Python biovida包_程序模块 - PyPI

用于机器学习应用的自动化生物医学信息管理。

biovida的Python项目详细描述

《生物维达》是一个旨在使其易于获得现有的图书馆。生物医学图像的数据集，以及建立全新的、定制的一个。

希望通过自动化单调乏味的数据咀嚼通常，更多的人会对这个过程感兴趣将机器学习应用于生物医学图像，反过来，深入了解人类疾病。

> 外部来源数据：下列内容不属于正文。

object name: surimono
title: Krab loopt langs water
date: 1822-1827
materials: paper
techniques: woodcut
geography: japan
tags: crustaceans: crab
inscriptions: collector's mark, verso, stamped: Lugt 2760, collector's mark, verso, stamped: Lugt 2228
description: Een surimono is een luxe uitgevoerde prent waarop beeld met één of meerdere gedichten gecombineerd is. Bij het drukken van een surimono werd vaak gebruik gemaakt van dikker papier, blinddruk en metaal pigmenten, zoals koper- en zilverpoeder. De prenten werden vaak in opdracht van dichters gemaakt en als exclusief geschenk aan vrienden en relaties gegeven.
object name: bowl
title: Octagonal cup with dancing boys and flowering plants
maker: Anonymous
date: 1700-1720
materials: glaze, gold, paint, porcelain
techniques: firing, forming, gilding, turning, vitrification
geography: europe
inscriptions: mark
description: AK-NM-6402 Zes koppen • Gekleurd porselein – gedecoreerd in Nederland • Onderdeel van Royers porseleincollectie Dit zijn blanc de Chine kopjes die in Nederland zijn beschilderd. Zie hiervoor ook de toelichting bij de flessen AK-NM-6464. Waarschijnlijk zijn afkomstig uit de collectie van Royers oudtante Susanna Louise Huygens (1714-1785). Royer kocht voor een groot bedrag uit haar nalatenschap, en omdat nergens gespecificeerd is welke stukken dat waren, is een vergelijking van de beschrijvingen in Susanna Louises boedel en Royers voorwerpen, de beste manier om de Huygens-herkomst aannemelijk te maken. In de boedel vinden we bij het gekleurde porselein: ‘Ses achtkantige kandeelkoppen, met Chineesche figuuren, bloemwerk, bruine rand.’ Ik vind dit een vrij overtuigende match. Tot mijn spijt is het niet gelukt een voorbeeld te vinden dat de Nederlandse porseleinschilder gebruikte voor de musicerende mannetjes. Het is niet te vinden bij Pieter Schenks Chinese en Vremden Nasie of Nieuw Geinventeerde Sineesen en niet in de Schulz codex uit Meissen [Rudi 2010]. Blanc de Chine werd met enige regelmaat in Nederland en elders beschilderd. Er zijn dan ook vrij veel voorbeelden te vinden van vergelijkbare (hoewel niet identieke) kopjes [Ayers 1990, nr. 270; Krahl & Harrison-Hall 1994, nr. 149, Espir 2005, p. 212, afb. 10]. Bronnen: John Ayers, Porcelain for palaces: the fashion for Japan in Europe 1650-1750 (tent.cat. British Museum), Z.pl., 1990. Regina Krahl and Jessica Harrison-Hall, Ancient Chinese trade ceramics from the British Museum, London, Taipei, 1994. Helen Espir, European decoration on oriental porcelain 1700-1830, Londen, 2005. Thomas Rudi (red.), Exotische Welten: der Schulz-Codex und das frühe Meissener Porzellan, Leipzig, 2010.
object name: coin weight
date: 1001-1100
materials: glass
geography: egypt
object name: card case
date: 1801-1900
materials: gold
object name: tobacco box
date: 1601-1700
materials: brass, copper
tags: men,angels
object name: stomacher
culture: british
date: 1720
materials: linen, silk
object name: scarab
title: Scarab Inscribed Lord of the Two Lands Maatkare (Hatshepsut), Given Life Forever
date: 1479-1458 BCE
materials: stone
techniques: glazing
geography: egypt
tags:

为了向递归致敬，biovida试图完成一些利用机器学习本身实现自动化，使用诸如卷积的工具神经网络。

安装

python包索引：

$ pip install biovida

图像：稳定

只需几行代码，您就可以访问生物医学数据库存储了上千万张图片。

请注意，您必须遵守版权和其他根据其向您提供此数据的使用限制创造者。

open-i生物医学图像搜索引擎

# 1. Import the Interface for the NIH's Open-i API.frombiovida.imagesimportOpeniInterface# 2. Create an Instance of the Toolopi=OpeniInterface()# 3. Perform a search for x-rays and cts of lung canceropi.search(query='lung cancer',image_type=['x_ray','ct'])# Results Found: 9,220.# 4. Pull the datasearch_df=opi.pull()

癌症影像档案

# 1. Import the interface for the Cancer Imaging Archivefrombiovida.imagesimportCancerImageInterface# 2. Create an Instance of the Toolcii=CancerImageInterface(YOUR_API_KEY_HERE)# 3. Perform a searchcii.search(cancer_type='esophageal')# 4. Pull the datacdf=cii.pull()

的CancerImageInterface和OpeniInterface缓存图像以后使用。当数据被“拉”时，会生成一个records_db，它是与图像关联的所有文本数据的数据帧。他们是作为类属性提供，例如cii.records_db。当 records_db只存储最近数据拉取的数据， cache_records_dbdataframes提供所有图像数据的帐户当前已缓存。

分割图像

biovida可以将缓存的图像分为训练/验证/测试。

frombiovida.imagesimportimage_divvy# 1. Define a rule to 'divvy' up images in the cache.defmy_divvy_rule(row):ifrow['image_modality_major']=='x_ray':return'x_ray'elifrow['image_modality_major']=='ct':return'ct'# 2. Define Proportions and Divide Datatt=image_divvy(opi,my_divvy_rule,action='ndarray',train_val_test_dict={'train':0.8,'test':0.2})# 3. The resultant ndarrays can be unpacked as follows:train_ct,train_xray=tt['train']['ct'],tt['train']['x_ray']test_ct,test_xray=tt['test']['ct'],tt['test']['x_ray']

图像：实验性

自动图像数据清理

不幸的是，从上面open-i中提取的数据可能包含大量与搜索查询无关的图像和/或不适合机器学习。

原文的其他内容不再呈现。